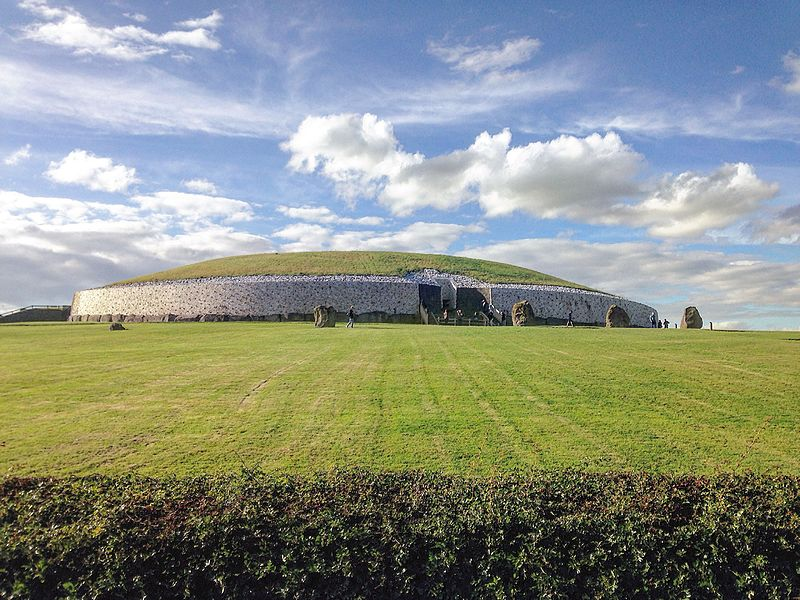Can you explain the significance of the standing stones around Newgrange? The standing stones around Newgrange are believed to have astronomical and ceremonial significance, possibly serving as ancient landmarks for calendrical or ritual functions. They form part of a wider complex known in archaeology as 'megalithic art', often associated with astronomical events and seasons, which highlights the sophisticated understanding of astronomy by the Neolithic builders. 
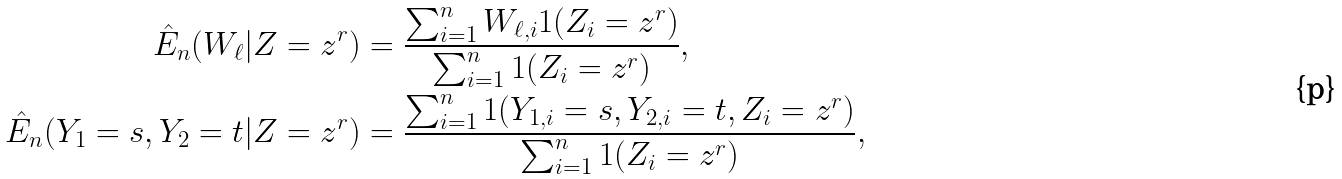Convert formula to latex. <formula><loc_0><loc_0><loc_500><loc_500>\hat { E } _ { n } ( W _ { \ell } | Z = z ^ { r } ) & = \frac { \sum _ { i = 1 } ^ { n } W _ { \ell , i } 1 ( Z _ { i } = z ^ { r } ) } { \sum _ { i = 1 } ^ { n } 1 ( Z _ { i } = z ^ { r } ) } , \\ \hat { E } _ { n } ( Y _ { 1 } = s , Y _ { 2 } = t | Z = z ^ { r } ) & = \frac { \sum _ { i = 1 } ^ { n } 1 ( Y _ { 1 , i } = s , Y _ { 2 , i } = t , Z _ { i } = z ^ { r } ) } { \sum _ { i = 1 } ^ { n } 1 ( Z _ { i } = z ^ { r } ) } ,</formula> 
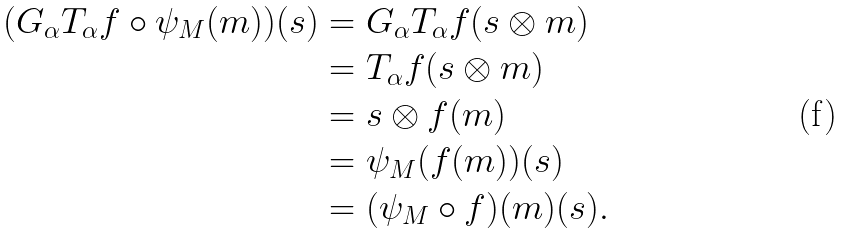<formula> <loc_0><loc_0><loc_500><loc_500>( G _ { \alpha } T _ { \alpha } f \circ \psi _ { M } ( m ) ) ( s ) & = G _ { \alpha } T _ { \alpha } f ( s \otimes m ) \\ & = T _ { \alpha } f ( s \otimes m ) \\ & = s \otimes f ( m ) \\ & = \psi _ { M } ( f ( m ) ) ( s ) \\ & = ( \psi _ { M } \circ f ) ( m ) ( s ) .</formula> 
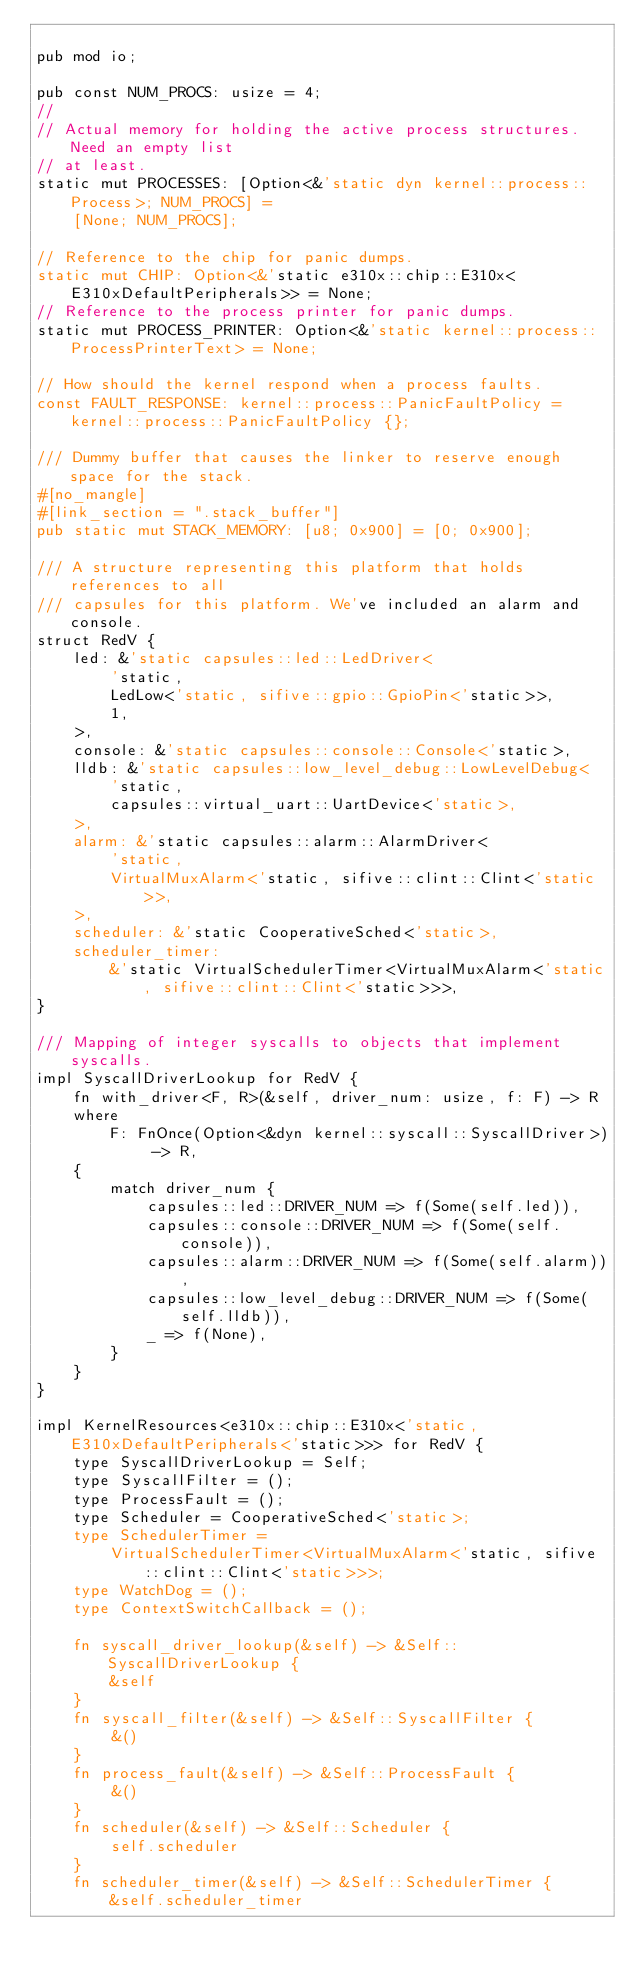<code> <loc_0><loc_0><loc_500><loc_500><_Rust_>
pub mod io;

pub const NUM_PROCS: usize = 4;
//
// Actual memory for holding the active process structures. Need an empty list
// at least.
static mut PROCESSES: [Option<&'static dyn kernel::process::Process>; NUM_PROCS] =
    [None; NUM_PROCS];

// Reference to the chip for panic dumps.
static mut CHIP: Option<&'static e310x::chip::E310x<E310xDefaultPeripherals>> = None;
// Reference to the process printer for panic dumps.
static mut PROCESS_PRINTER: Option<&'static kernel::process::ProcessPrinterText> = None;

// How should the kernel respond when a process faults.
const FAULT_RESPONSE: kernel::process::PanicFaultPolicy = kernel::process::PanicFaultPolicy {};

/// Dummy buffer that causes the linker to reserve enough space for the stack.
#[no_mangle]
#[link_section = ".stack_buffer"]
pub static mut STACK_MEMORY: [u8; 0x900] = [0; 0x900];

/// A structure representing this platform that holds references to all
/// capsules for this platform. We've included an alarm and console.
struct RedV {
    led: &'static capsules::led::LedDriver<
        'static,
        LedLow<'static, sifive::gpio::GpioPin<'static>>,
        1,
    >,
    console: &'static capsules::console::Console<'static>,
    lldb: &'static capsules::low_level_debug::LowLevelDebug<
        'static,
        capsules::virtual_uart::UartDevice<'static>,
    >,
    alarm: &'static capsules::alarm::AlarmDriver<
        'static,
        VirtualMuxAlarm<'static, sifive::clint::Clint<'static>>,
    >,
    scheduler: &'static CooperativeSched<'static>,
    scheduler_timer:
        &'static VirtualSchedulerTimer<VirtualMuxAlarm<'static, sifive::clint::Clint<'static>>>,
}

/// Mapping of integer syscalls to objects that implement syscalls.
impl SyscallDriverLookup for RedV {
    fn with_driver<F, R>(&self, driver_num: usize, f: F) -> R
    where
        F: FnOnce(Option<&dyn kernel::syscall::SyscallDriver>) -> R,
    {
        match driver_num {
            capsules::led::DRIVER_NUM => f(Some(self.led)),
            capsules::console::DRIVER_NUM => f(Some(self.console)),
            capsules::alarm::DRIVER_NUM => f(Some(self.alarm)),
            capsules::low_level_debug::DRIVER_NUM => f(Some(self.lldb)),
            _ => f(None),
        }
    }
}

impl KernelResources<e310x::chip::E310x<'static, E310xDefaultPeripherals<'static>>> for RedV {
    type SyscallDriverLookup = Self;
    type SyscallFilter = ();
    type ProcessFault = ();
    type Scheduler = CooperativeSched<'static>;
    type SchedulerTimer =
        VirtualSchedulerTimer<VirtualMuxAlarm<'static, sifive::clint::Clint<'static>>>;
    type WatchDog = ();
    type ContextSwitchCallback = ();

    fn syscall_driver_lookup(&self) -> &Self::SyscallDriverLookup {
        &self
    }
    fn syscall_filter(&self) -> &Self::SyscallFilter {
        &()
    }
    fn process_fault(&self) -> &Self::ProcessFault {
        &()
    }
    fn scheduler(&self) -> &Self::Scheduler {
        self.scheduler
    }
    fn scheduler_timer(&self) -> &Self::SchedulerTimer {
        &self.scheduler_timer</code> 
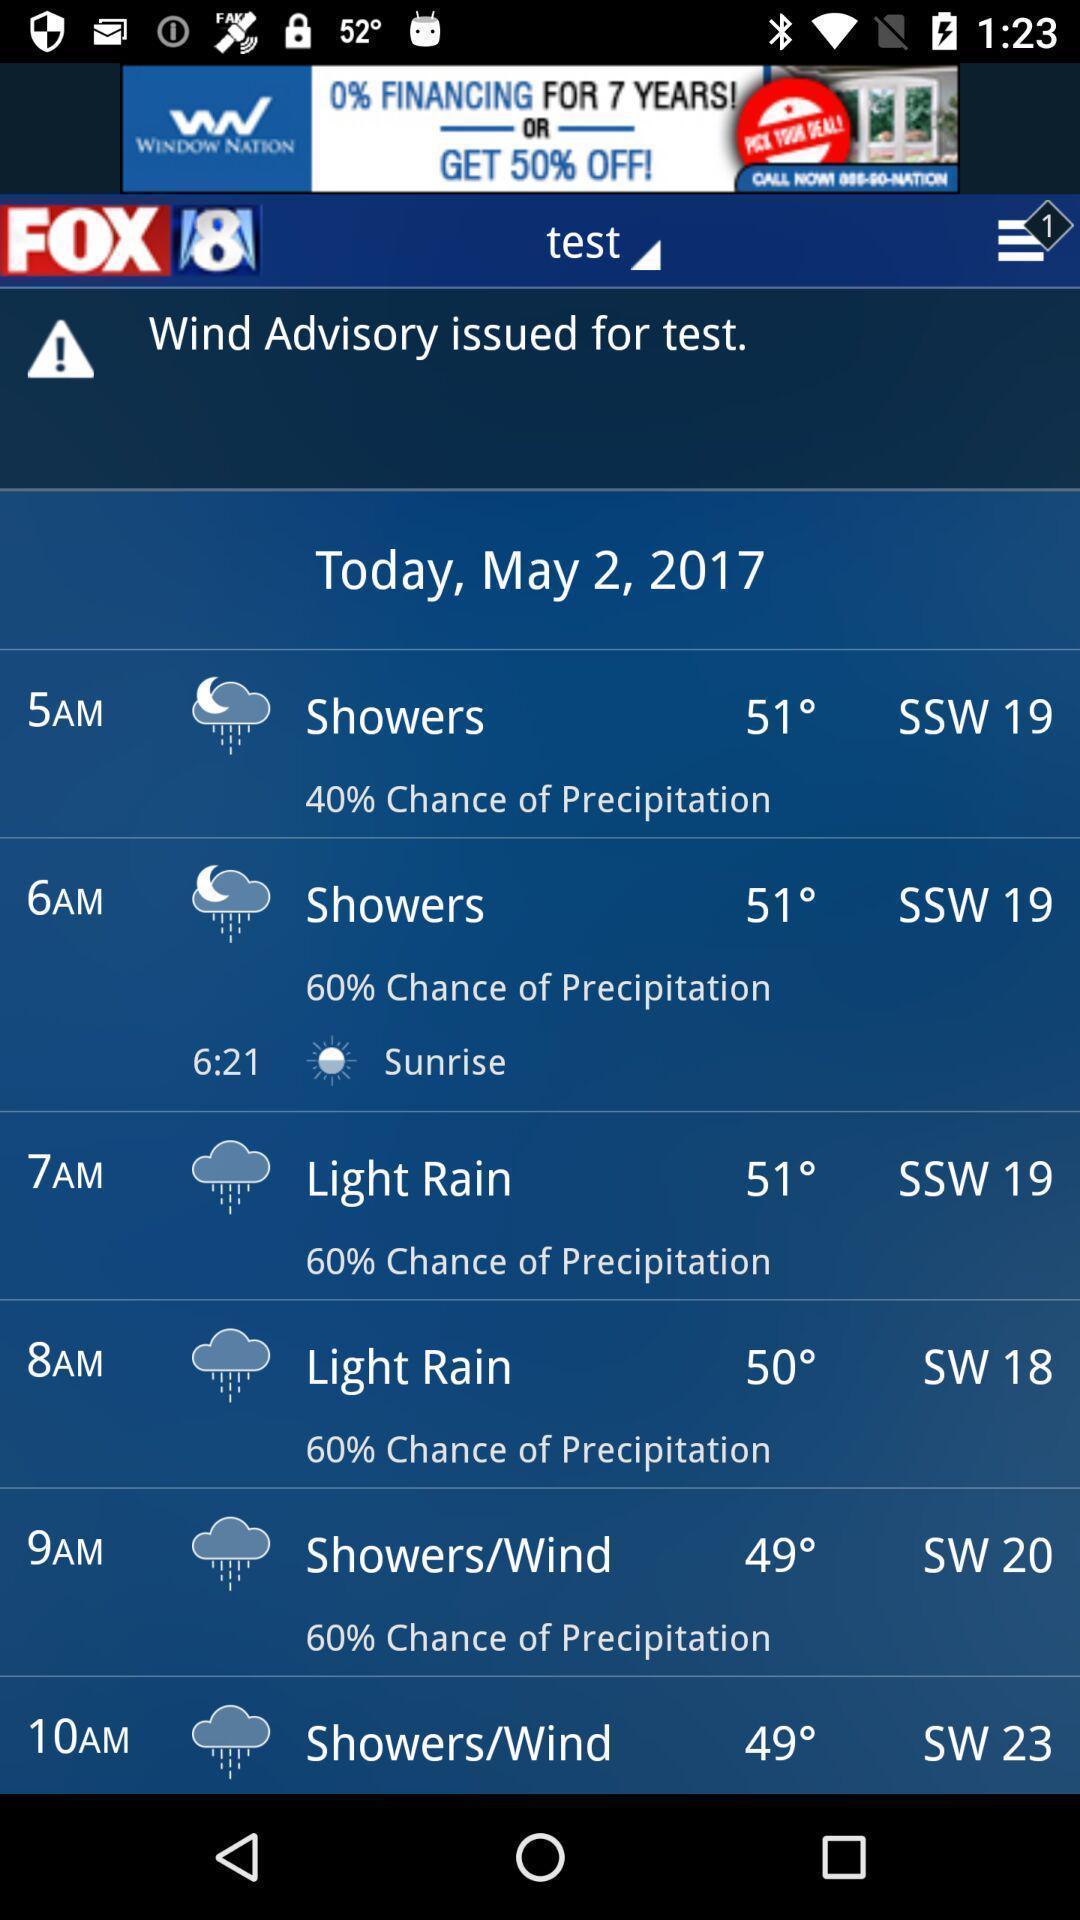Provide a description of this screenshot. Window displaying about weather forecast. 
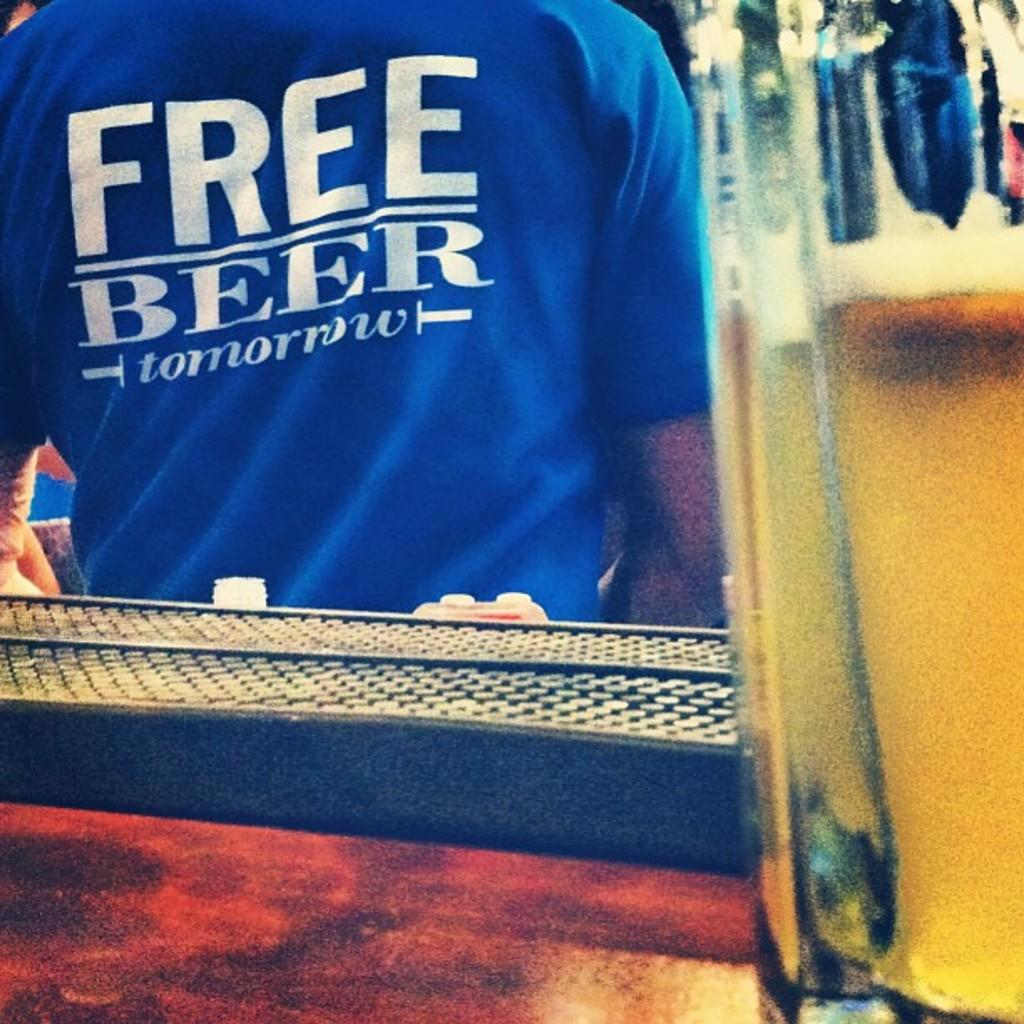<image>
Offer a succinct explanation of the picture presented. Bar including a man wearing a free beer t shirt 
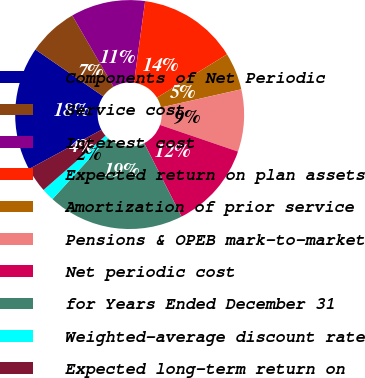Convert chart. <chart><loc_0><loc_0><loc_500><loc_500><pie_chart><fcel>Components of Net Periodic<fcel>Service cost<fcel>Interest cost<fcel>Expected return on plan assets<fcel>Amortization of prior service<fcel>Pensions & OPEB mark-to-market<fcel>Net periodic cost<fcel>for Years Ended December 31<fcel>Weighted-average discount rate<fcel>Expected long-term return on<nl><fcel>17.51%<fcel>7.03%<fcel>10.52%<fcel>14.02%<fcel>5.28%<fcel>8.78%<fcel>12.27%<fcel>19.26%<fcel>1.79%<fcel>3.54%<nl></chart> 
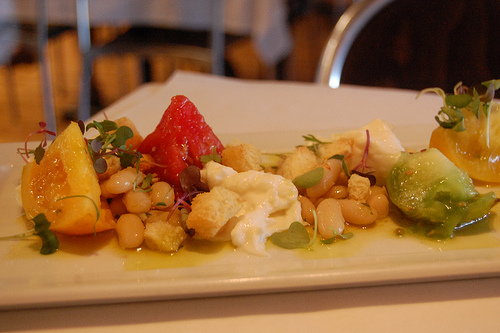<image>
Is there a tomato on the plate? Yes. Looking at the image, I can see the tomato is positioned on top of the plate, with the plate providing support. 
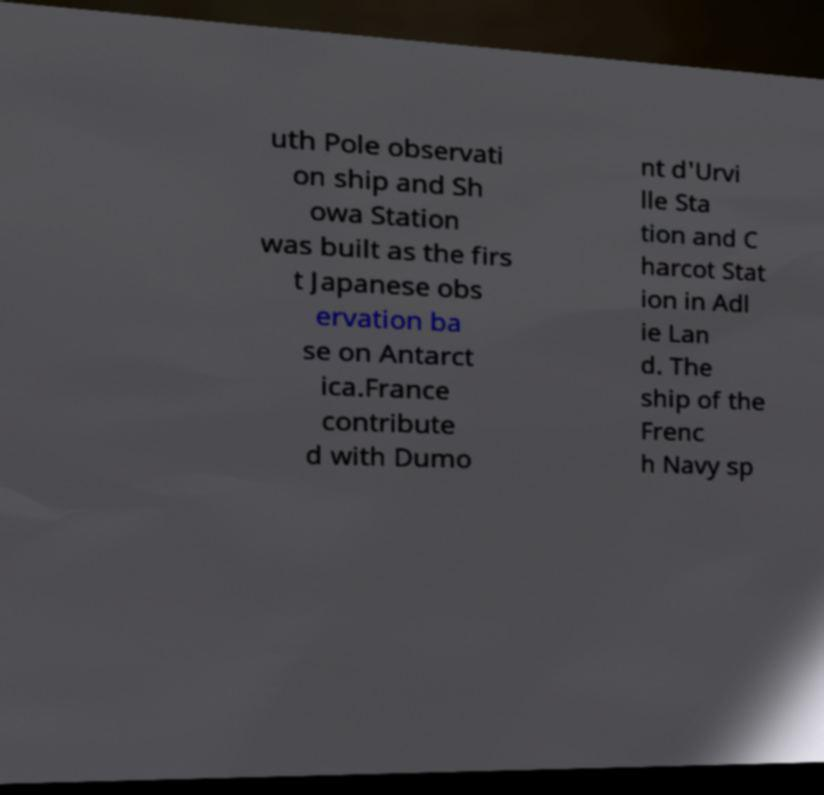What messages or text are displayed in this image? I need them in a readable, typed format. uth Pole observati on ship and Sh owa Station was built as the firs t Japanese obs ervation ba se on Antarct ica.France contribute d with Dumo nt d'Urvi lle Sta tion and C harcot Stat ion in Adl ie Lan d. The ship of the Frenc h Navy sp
- - - -
> _ASSIGNED TASK_: Every line of the listing that includes the word "Clint" forms the answer.

> _TASK RESULT_:
        VirtualMuxAlarm<'static, sifive::clint::Clint<'static>>,
        &'static VirtualSchedulerTimer<VirtualMuxAlarm<'static, sifive::clint::Clint<'static>>>,
        VirtualSchedulerTimer<VirtualMuxAlarm<'static, sifive::clint::Clint<'static>>>;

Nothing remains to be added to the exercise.